Grabbing last 4 characters of matches

shodredux · October 24, 2016, 3:42pm

This is my current script that i have wrote:

Select-string ‘D:\Powershell\Sample.txt’-pattern ~TRN*1*\w+ -AllMatches | Select matches

This is the result:

Matches

{~TRN110100000000*}
{~TRN110100000001*}
{~TRN110100000002*}
{~TRN110100000003*}
{~TRN110100000004*}
{~TRN110100000005*}
{~TRN110100000006*}

What I would like my result to be is throughout all the text file look between the “~TRN1” and the next “*” and only show the last 4 characters between, so the end result would just show the following:

Matches

0000
0001
0002
0003
0004
0005
0006

Any help would be greatly appreciated, thanks!

Olaf · October 24, 2016, 4:15pm

Something like this?

Get-Content -Path C:\_Temp\test\sample.txt | ForEach-Object -Process {$_ -match '~TRN\*1.*(\d{4})\*' | Out-Null ; $Matches[1]}

shodredux · October 24, 2016, 5:05pm

Thank you for the reply!

By reading your setup, it has helped me get closer…

The Regex output result is where i am getting jammed up

All i want is what is in bold. Let me know if you need more info and thank you!

what i currently get:
{~TRN110100000000}
{~TRN110100000001}
{~TRN110100000002}
{~TRN110100000003}
{~TRN110100000004}
{~TRN110100000005}
{~TRN110100000006*}

what i want to get:

0000
0001
0002
0003
0004
0005
0006

shodredux · October 24, 2016, 5:38pm

Making progress…

Current script:
Select-string ‘D:\Powershell\Sample.txt’-pattern '(?<=~TRN*1*)(\w+)' -AllMatches | Select matches

Current Results:

Matches

{10100000000}
{10100000001}
{10100000002}
{10100000003}
{10100000004}
{10100000005}
{10100000006}

Now I want it to do only the last 4 characters of these numbers, in example:

Matches

{0000}
{0001}
{0002}
{0003}
{0004}
{0005}
{0006}

Olaf · October 24, 2016, 6:02pm

What do you get when you run my code?

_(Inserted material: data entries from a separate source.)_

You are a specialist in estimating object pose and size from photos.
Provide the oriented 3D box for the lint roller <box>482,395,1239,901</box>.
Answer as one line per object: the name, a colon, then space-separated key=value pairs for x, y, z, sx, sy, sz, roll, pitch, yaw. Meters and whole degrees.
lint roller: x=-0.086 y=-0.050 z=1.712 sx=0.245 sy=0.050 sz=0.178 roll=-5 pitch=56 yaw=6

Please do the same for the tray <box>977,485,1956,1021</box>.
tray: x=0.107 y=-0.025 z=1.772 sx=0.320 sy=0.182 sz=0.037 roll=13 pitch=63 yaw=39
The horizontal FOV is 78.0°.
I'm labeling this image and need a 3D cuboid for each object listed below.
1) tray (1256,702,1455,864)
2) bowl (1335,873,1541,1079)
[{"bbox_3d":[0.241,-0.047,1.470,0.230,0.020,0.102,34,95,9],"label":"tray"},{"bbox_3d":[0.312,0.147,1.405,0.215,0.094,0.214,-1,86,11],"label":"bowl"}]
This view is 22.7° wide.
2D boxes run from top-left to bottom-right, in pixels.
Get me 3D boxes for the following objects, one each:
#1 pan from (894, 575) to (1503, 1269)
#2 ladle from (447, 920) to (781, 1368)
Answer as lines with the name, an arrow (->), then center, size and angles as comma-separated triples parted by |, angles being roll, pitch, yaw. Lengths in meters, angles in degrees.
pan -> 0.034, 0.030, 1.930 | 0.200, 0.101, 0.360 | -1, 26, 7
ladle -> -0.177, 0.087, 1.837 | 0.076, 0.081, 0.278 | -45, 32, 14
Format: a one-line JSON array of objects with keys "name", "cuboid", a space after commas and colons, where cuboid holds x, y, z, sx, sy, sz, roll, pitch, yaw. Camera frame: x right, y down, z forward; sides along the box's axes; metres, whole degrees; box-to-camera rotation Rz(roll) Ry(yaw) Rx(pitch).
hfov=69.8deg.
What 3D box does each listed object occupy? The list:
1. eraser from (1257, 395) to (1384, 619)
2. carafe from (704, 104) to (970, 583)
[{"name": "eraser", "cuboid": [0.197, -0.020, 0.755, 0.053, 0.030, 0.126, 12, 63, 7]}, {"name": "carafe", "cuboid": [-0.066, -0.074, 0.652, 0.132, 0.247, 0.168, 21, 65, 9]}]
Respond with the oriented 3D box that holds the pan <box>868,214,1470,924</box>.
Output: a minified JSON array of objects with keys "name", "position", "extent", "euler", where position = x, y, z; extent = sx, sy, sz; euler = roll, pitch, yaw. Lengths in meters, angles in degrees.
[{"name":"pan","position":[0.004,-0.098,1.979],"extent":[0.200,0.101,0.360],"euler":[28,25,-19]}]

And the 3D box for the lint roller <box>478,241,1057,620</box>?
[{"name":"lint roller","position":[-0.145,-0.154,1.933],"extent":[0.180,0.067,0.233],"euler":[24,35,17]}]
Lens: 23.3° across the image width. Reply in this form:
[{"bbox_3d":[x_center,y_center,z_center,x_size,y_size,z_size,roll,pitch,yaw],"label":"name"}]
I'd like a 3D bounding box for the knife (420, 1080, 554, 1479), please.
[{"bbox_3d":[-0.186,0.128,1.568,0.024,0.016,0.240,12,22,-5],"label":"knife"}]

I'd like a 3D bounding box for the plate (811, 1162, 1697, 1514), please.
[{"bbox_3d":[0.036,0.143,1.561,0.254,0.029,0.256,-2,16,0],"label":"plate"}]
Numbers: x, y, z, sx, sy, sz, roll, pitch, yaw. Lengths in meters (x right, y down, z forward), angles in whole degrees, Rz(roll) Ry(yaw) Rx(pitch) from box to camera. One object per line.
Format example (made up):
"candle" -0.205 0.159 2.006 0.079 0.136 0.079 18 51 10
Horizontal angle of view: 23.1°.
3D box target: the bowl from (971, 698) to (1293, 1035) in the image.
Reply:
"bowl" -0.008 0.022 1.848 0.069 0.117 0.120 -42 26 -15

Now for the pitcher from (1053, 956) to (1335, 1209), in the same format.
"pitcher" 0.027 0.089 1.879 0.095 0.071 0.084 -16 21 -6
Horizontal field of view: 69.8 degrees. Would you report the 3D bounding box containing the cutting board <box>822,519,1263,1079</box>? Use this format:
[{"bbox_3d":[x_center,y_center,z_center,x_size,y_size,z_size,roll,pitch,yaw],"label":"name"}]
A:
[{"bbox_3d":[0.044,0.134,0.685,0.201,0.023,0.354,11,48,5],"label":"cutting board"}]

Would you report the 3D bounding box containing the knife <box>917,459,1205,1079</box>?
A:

How does the txt file look like?

rob-simmers · October 24, 2016, 7:28pm

Olaf’s code worked for me. Although I’m not sure how the regex knows to get the last 4 digits versus the first 4.

peter-jurgens-2 · October 24, 2016, 7:46pm

In Olaf’s regex he uses a capture group and the key element is placing the “*” right after the capture group. This pretty much describes that the 4 digits he wants in the capture group “(\d{4})” come right before the asterisk in the sample text.

Personally I prefer to name my capture groups if ever I use capture groups then you can access them via $matches[“name”] rather than a numerical index.

shodredux · October 24, 2016, 9:03pm

This is the result i get with Olaf’s code:

0580
0580
0580
0580
0580
0580
0580
0580
0580

The text file I have does not have any spaces but is using ‘*’ for all the spaces if that makes sense. For example a small segment on how the text file is:

ACHCCP01111DA331234567890**01111DA2220100101~TRN1101000000001000000000~REFEVETIN~DTM40520100101~N1PRNYSDOH~N3OFFICE OF HEALTH INSURANCE PROGRAMSCORNING TOWER, EMPIRE STATE PLAZA~N4ALBANYNY122370080~PERBLPROVIDER SERVICESTE8003439000URwww.emedny.org~N1PEMAJOR MEDICAL PROVIDERXX9999999995~REFTJ000000000~LX1~CLPPATIENT ACCOUNT NUMBER134.2534.25**MC100021000000003011~NM1QC1SUBMITTED LASTSUBMITTED FIRSTMILL99999L~NM1741CORRECTED LASTCORRECTED FIRST~REFEAPATIENT ACCOUNT NUMBER~DTM232*20100101~DT

Now this text file may have multiple ~TRN1 in it which can vary in numerical length. I want to grab the last four numbers Between ~TRN1 and the following ‘*’ for every instance that it can be found in this text file. (forgive me guy’s, I am new to a lot of this and i am trying to understand. So if i am missing something just please let me know) I appreciate all the help!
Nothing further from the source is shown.